Class HiveDefaultRecordReader

java.lang.Object
org.apache.drill.exec.store.AbstractRecordReader
org.apache.drill.exec.store.hive.readers.HiveDefaultRecordReader
All Implemented Interfaces:
AutoCloseable, RecordReader
Direct Known Subclasses:
HiveTextRecordReader

public class HiveDefaultRecordReader extends AbstractRecordReader
Reader which uses complex writer underneath to fill in value vectors with data read from Hive. At first glance initialization code in the writer looks cumbersome, but in the end it's main aim is to prepare list of key fields used in next() and readHiveRecordAndInsertIntoRecordBatch(Object rowValue) methods.

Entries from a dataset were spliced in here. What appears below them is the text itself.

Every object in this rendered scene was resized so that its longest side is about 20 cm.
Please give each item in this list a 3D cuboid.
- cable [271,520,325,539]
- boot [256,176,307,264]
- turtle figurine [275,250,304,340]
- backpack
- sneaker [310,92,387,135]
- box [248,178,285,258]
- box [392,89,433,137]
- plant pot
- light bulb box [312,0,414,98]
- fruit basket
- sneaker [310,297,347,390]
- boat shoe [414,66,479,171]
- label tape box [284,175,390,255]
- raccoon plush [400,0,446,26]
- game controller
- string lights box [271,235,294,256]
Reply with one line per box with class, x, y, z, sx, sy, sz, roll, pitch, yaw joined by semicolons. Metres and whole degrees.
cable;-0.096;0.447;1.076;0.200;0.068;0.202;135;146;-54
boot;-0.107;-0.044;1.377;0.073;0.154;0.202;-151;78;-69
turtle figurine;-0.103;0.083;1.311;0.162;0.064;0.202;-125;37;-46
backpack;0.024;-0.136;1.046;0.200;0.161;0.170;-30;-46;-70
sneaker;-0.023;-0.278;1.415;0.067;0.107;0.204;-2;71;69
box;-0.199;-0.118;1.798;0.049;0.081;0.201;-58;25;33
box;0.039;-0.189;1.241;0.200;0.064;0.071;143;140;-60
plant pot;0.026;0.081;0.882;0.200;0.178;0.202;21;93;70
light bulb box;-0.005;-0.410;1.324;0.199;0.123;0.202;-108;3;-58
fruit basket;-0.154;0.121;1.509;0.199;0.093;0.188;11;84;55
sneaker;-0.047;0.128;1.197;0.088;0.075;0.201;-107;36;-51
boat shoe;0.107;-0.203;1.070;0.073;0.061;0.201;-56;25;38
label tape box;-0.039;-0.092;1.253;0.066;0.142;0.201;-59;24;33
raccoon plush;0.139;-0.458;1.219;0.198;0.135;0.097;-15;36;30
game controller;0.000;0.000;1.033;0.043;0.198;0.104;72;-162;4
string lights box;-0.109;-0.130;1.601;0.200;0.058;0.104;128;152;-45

In a nutshell, the reader is used in two stages: 1) Setup stage configures mapredReader, partitionObjInspector, partitionDeserializer, list of HiveValueWriters for each column in record batch, partition vectors and values 2) Reading stage uses objects configured previously to get rows from InputSplits, represent each row as Struct of columns values, and write each row value of column into Drill's value vectors using HiveValueWriter for each specific column

  • Field Details

    • logger

      protected static final org.slf4j.Logger logger
    • TARGET_RECORD_COUNT

      public static final int TARGET_RECORD_COUNT
      Max amount of records that can be consumed by one next() method call
      See Also:
    • outputWriter

      protected VectorContainerWriter outputWriter
      Manages all writes to value vectors received using OutputMutator
    • partitionDeserializer

      protected org.apache.hadoop.hive.serde2.Deserializer partitionDeserializer
      Deserializer to be used for deserialization of row. Depending on partition presence it may be partition or table deserializer.
    • partitionToTableSchemaConverter

      protected org.apache.hadoop.hive.serde2.objectinspector.ObjectInspectorConverters.Converter partitionToTableSchemaConverter
      Converts value deserialized using partitionDeserializer
    • empty

      protected boolean empty
      At the moment of mapredReader instantiation we can check inputSplits, if splits aren't present than there are no records to read, so mapredReader can finish work early.
    • mapredReader

      protected org.apache.hadoop.mapred.RecordReader<Object,Object> mapredReader
      Reader used to to get data from InputSplits
    • valueHolder

      protected Object valueHolder
      Helper object used together with mapredReader to get data from InputSplit.
  • Constructor Details

    • HiveDefaultRecordReader

      public HiveDefaultRecordReader(HiveTableWithColumnCache table, HivePartition partition, Collection<org.apache.hadoop.mapred.InputSplit> inputSplits, List<SchemaPath> projectedColumns, FragmentContext context, org.apache.hadoop.hive.conf.HiveConf hiveConf, org.apache.hadoop.security.UserGroupInformation proxyUgi)
      Readers constructor called by initializer.
      Parameters:
      table - metadata about Hive table being read
      partition - holder of metadata about table partitioning
      inputSplits - input splits for reading data from distributed storage
      projectedColumns - target columns for scan
      context - fragmentContext of fragment
      hiveConf - Hive configuration
      proxyUgi - user/group info to be used for initialization
  • Method Details

    • setup

      public void setup(OperatorContext context, OutputMutator output) throws ExecutionSetupException
      Description copied from interface: RecordReader
      Configure the RecordReader with the provided schema and the record batch that should be written to.
      Parameters:
      context - operator context for the reader
      output - The place where output for a particular scan should be written. The record reader is responsible for mutating the set of schema values for that particular record.
      Throws:
      ExecutionSetupException
    • internalInit

      protected void internalInit(Properties hiveTableProperties)
      Default implementation does nothing, used to apply skip header/footer functionality
      Parameters:
      hiveTableProperties - hive table properties
    • next

      public int next()
      Description copied from interface: RecordReader
      Increments this record reader forward, writing via the provided output mutator into the output batch.
      Returns:
      The number of additional records added to the output.
    • readHiveRecordAndInsertIntoRecordBatch

      protected void readHiveRecordAndInsertIntoRecordBatch(Object rowValue)
    • hasNextValue

      protected boolean hasNextValue(Object valueHolder) throws IOException, ExecutionSetupException
      Checks and reads next value of input split into valueHolder. Note that if current mapredReader doesn't contain data to read from InputSplit, this method will try to initialize reader for next InputSplit and will try to use the new mapredReader.
      Parameters:
      valueHolder - holder for next row value data
      Returns:
      true if next value present and read into valueHolder
      Throws:
      IOException - exception which may be thrown in case when mapredReader failed to read next value
      ExecutionSetupException - exception may be thrown when next input split is present but reader initialization for it failed
    • close

      public void close()